**** Records shown ****

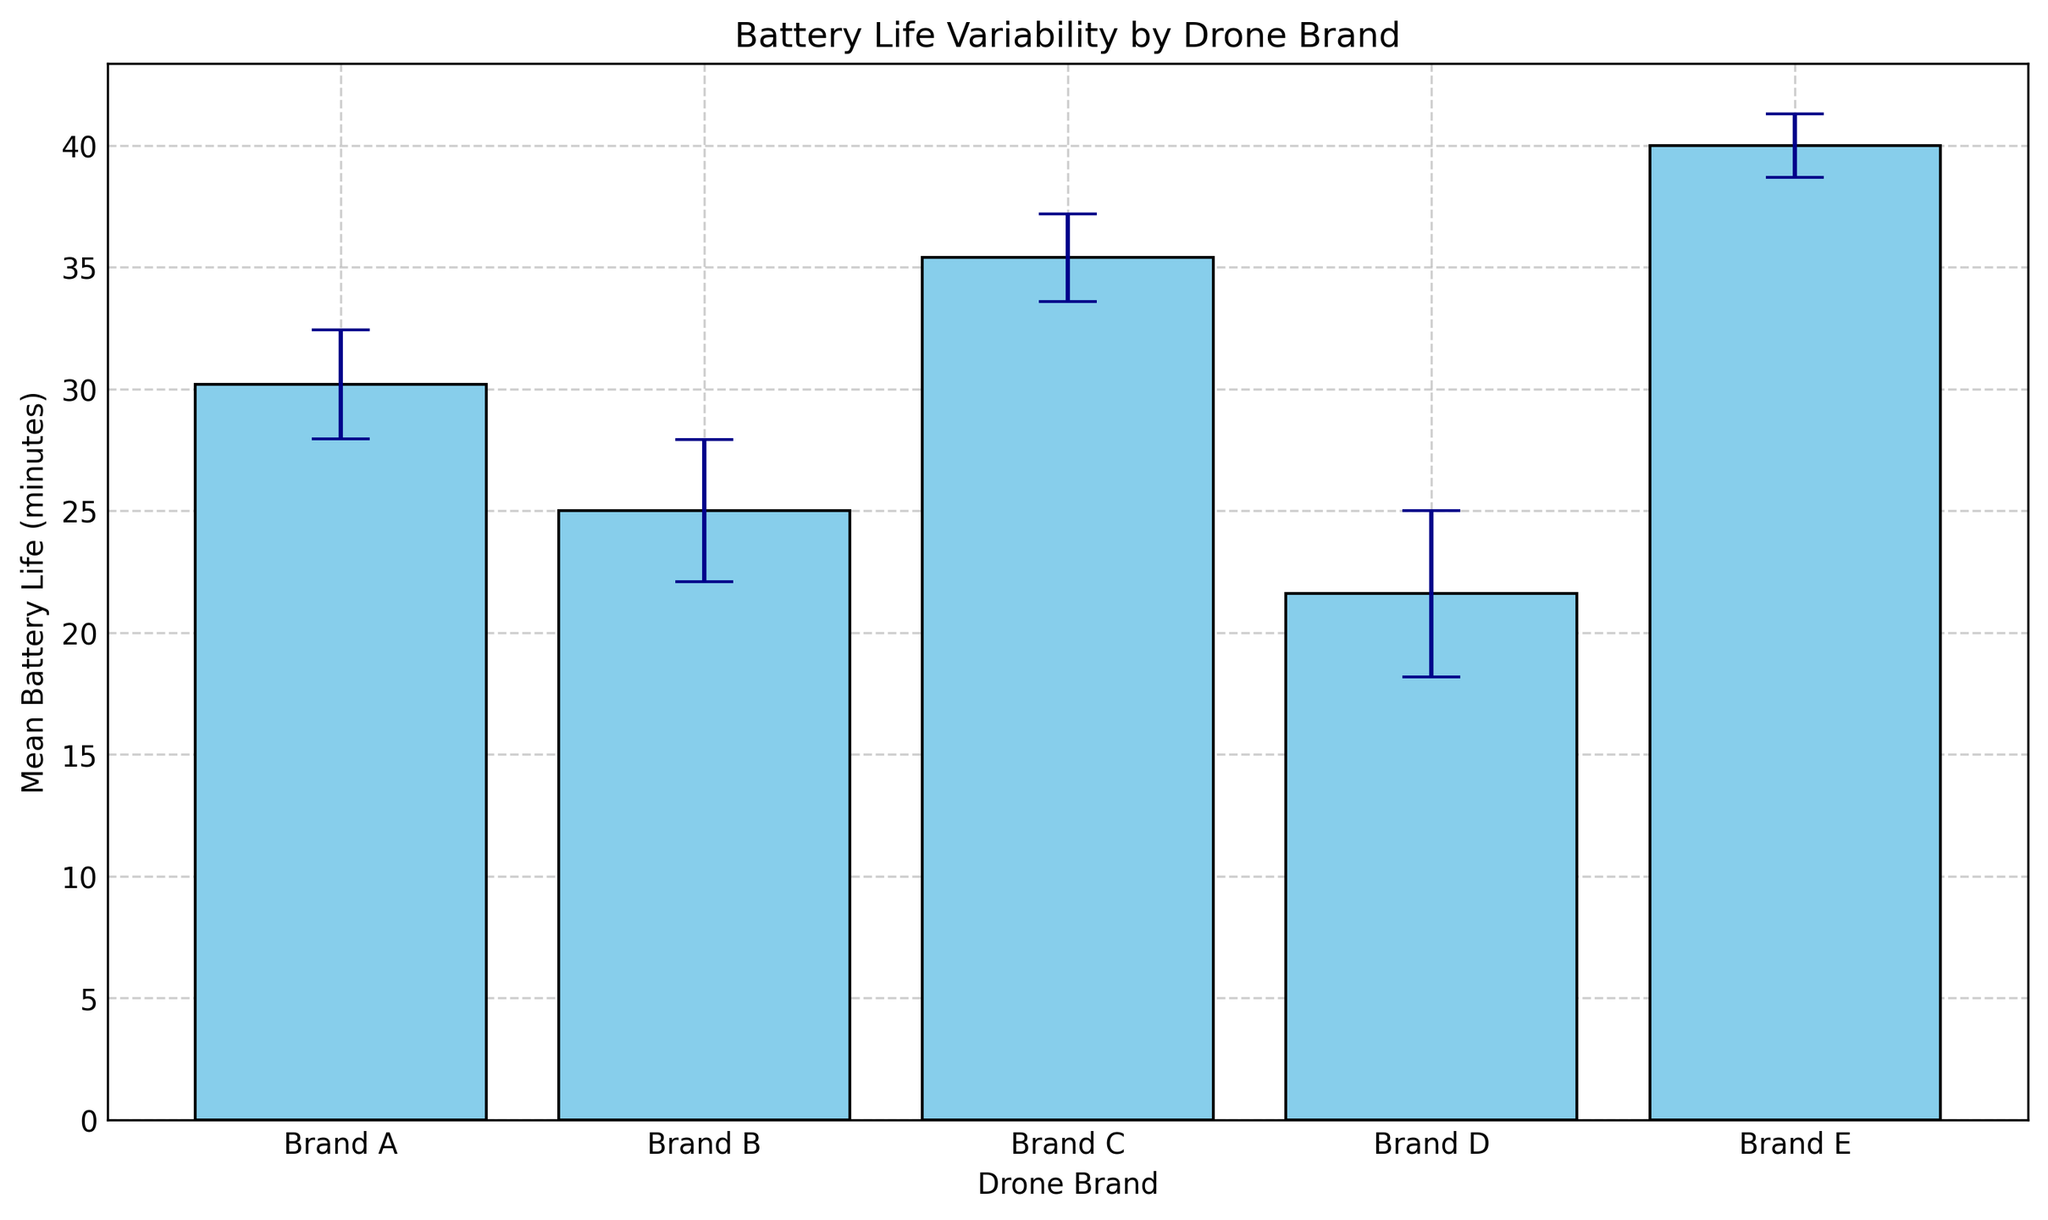Which brand has the highest mean battery life based on the chart? By observing the height of the bars on the chart, we can see that Brand E has the tallest bar, indicating the highest mean battery life.
Answer: Brand E Which brand has the lowest mean battery life based on the chart? By examining the height of the bars on the chart, we notice that Brand D has the shortest bar, indicating the lowest mean battery life.
Answer: Brand D Comparing Brand A and Brand B, which one has a higher mean battery life? Looking at the bars for Brand A and Brand B, Brand A's bar is taller than Brand B's bar, indicating a higher mean battery life.
Answer: Brand A Which brands have their mean battery life exceeding 30 minutes? By observing the heights of the bars and checking their labels, we see that Brand C and Brand E have bars exceeding the 30-minute mark.
Answer: Brand C, Brand E What's the difference in mean battery life between Brand C and Brand D? Measure the height difference between the bars representing Brand C and Brand D. Brand C's mean battery life (~35.4 minutes) minus Brand D's mean battery life (~21.6 minutes) gives the difference.
Answer: ~13.8 minutes How does the variability (standard deviation) compare between Brand E and Brand B? By looking at the size of the error bars, we notice that Brand B has larger error bars, indicating more variability compared to Brand E, which has smaller error bars.
Answer: Brand B has more variability How many brands have a mean battery life of approximately 35 minutes or more? By checking the bars on the chart, we find that Brand C and Brand E have mean battery lives of approximately 35 minutes or more.
Answer: 2 brands Which brand has the smallest variability in mean battery life? By examining the size of the error bars, Brand E has the smallest error bars, indicating the smallest variability.
Answer: Brand E For Brand B, what is the mean battery life, and what is the approximate range within one standard deviation? The mean battery life for Brand B is around 25 minutes. The standard deviation is approximately 2.92 minutes. So, the range is roughly 25 ± 2.92 minutes, which is about 22.08 to 27.92 minutes.
Answer: ~22.08 to ~27.92 minutes Which brand shows the most consistency in their battery life based on the error bars? By comparing the error bars, Brand E has the smallest error bars, indicating the most consistency in battery life.
Answer: Brand E 
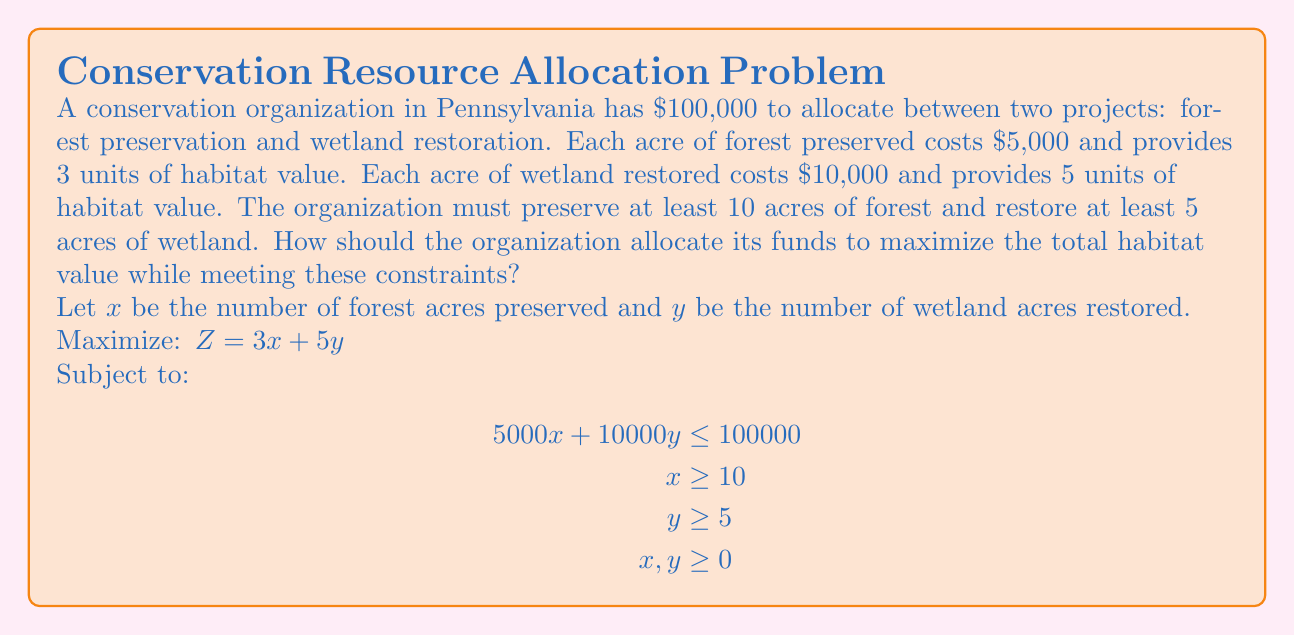Can you solve this math problem? To solve this linear programming problem, we'll use the graphical method:

1) Plot the constraints:
   - Budget: $5000x + 10000y = 100000$ or $y = 10 - 0.5x$
   - Minimum forest: $x = 10$
   - Minimum wetland: $y = 5$

2) Identify the feasible region (the area that satisfies all constraints).

3) Find the corner points of the feasible region:
   A (10, 5)
   B (10, 8)
   C (16, 2)

4) Evaluate the objective function $Z = 3x + 5y$ at each corner point:
   A: $Z = 3(10) + 5(5) = 55$
   B: $Z = 3(10) + 5(8) = 70$
   C: $Z = 3(16) + 5(2) = 58$

5) The maximum value occurs at point B (10, 8).

Therefore, the optimal solution is to preserve 10 acres of forest and restore 8 acres of wetland.
Answer: Preserve 10 acres of forest and restore 8 acres of wetland. 
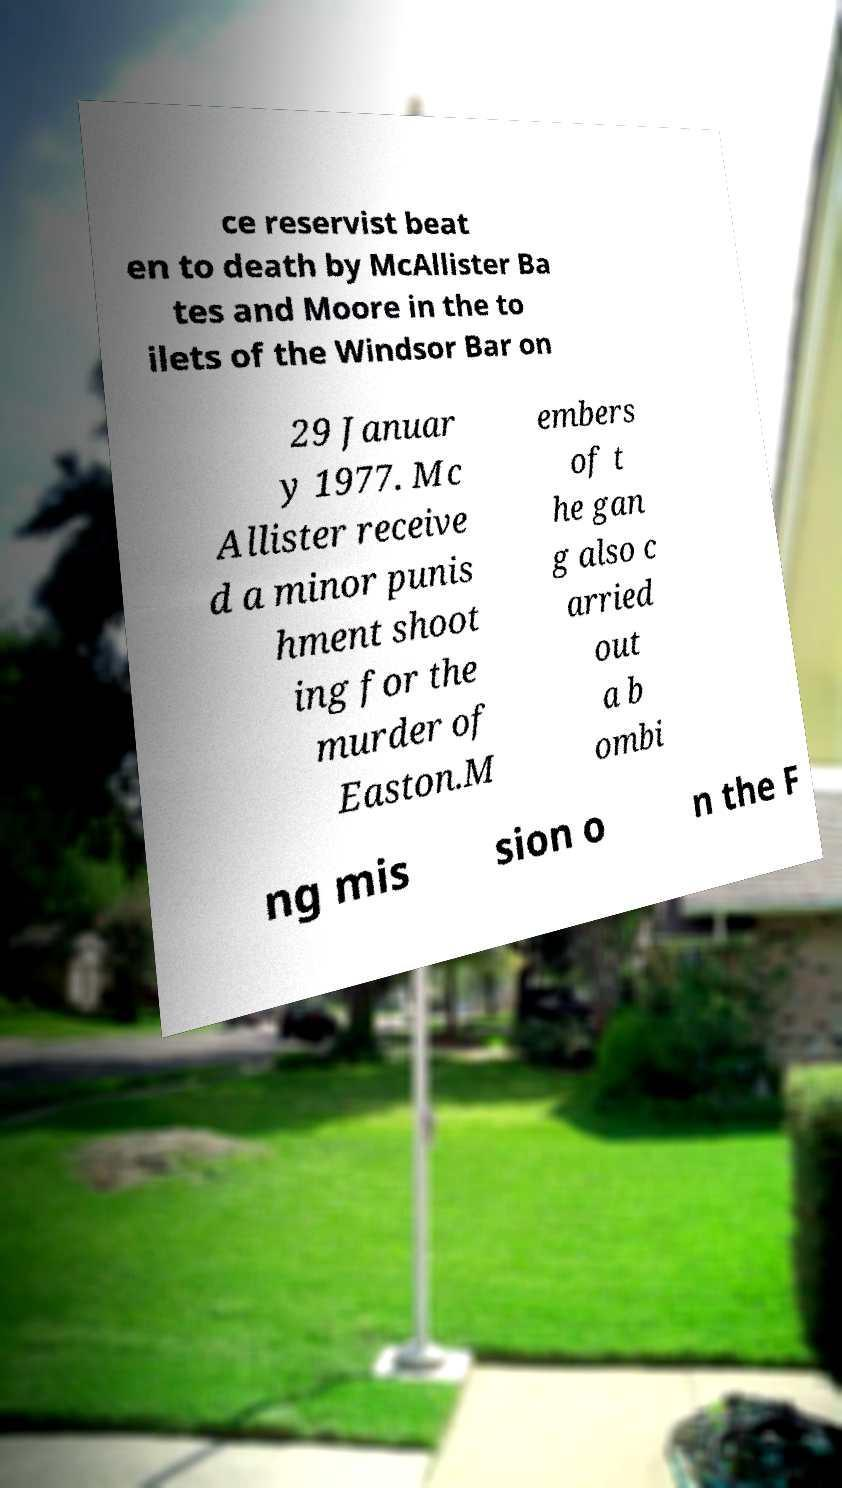Could you assist in decoding the text presented in this image and type it out clearly? ce reservist beat en to death by McAllister Ba tes and Moore in the to ilets of the Windsor Bar on 29 Januar y 1977. Mc Allister receive d a minor punis hment shoot ing for the murder of Easton.M embers of t he gan g also c arried out a b ombi ng mis sion o n the F

****

__Work item__. From the lines above, copy those that contain the word "constraints".

__Solution for this problem__.
1) Plot the constraints:
2) Identify the feasible region (the area that satisfies all constraints).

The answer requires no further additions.